• _Entries supplied_
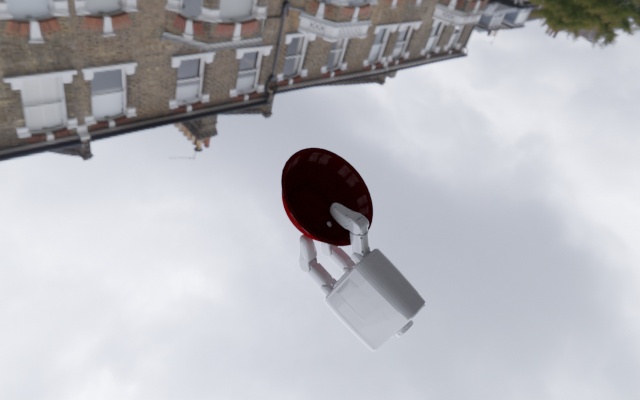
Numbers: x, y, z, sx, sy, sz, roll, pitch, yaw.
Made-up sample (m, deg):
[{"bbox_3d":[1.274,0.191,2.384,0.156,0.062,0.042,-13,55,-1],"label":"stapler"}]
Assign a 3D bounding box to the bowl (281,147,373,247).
[{"bbox_3d":[-0.001,0.001,0.723,0.162,0.162,0.055,0,-25,-36],"label":"bowl"}]
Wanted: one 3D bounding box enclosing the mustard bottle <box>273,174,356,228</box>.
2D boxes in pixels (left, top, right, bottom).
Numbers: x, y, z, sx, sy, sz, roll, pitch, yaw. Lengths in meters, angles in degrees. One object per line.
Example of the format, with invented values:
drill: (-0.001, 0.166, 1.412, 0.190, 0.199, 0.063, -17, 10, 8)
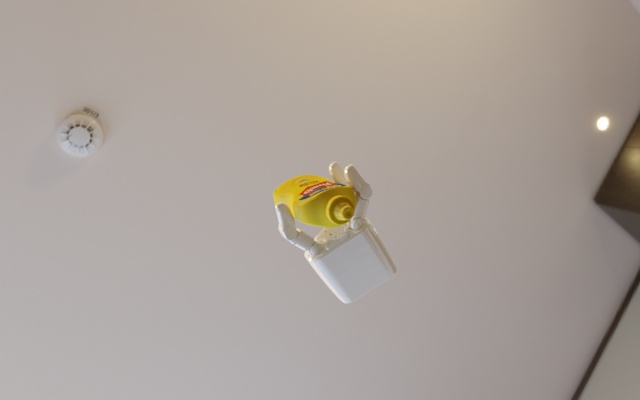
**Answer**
mustard bottle: (0.000, 0.002, 0.734, 0.096, 0.058, 0.191, -17, 16, -20)
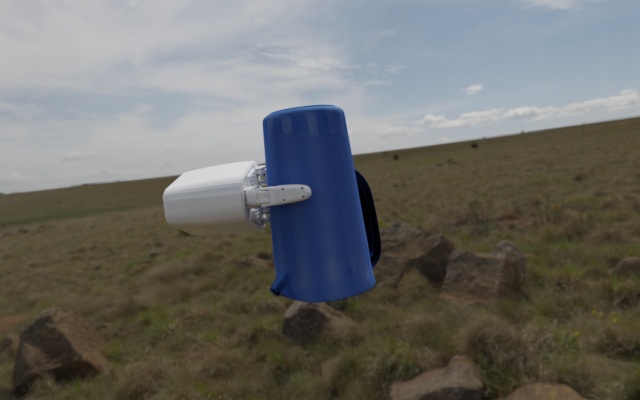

• _Prompt_
How many lines in the data above contain the string "roll"? Reply with only the number.

• _Output below_
2